Au cours de ces dernières années, les paris-sports créent un véritable engouement pour des millions de jeunes africains. Au Mali, c’est devenu une adiction pour nombre d’entre eux. Malgré la multitude des différents paris, c’est le «Premier Bet », communément appelé « Pari foot », qui gagne du terrain dans la capitale malienne, à la différence du pari sur les chevaux, écrit le blogueur Tony Star. 

Dans son point de revente, en face du marché de Sénou, l’ambiance s’installe de 8 heures jusqu’aux environs de 02h du matin, tous les jours. Pour la plupart,  les parieurs sont des jeunes chômeurs pour qui, selon Bah, l’un d’entre eux, « le pari c’est du passe-temps ». « Dès que je me réveille le matin, précise Mamadou Konaré, alias « CR7 » (surnom de Cristiano Ronaldo), je me dirige vers le bureau pour ne pas rester toute la journée devant les yeux de mes parents et c’est ici notre bureau ». Avant de renchérir : « Chaque jour, j’effectue des pronostics de tous les matchs du programme. Une fois cela effectué, je partage avec d’autres parieurs et en contrepartie ils doublent chacun de leur ticket pour me remettre le second. Avec ce système, il n’y a pas de logique mais il m’est difficile de passer une semaine sans gagner».

Pari-foot Mali, géré par PMU Mali, est légal.  Les parieurs sont des jeunes sportifs et « fans » de football. Ce pari se fait en ligne via les points de revente de tickets et consiste à donner des pronostics sur des matchs de football, selon le programme du jour. Le joueur parie sur deux matchs au minimum et douze au maximum. Le montant d’un pari est de 300 francs CFA avec des possibilités de mise jusqu’à 15 000 francs CFA. On peut aussi jouer avec un compte Orange Money à partir de 50 francs CFA à travers l’application Androïd de pari-foot. Mais pour cela, il faut avoir au minimum 2 000 francs sur son compte. Avec cette application, il n’y a pas de limite pour des mises. Mais seuls les plus de 18 ans sont autorisés à parier.
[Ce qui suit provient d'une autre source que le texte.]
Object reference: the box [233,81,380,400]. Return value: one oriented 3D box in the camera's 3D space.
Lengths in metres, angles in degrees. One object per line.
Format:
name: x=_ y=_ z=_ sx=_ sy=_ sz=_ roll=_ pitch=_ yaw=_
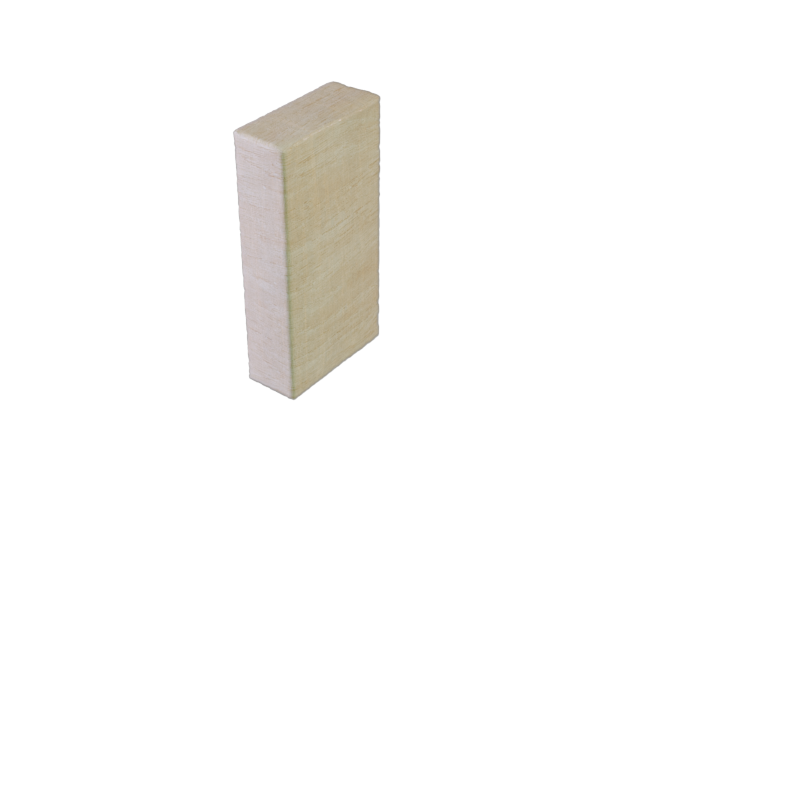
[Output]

Ainsi, les promoteurs des points de revente de billets bénéficient d’une ristourne de 6% sur leur vente totale mensuelle, a expliqué Aliou Niakaté. « J’ai connu le pari-foot à Missira, en commune II du district de Bamako, où je pariais presque chaque jour en 2017. Une année plus tard, après longue réflexion, j’ai décidé d’amener le Premier-Bet à Bamako Sénou, mon quartier de résidence. », ajoute-t-il. Ce business rapporte-t-il ? Aliou Niakaté affirme qu’aucun jeu au hasard dans le monde n’est à la faveur du joueur : « Sur 1000 paris, seul un parieur peut gagner probablement, alors les restes reviennent aux promoteurs des jeux ».

Yoro Diallo, un ancien parieur a pourtant été très chanceux pour son premier pari. Pari-Foot est une opportunité pour lui de se faire le maximum de profit avant de s’en retirer catégoriquement. « Le premier jour où j’ai parié, confie Yoro, j’ai pris deux billets avec des mises jusqu’à 5000 francs CFA. Un miracle s’est produit avec un d’entre eux faisant le gain de 70 000 francs CFA à la veille du réveillon passé. J’ai senti donc un génie en moi sans comprendre compte que cette chance était unique. J’ai continué de parier durant  deux semaines avec des mises importantes espérant des millions et rien n’a marché. C’est en ce moment que je me suis rendu compte que le hasard ne fait pas de profit. »

En somme, bien que le pari-foot soit légal, je pense qu’il est loin d’être une solution pour lutter contre la pauvreté. Il est bien de savoir que la société Premier Bet, dirigée par l’homme d’affaires libanais Jihad Regards, encaisse nos millions de francs par jour  Ouvrons les yeux et cherchons plutôt à travailler.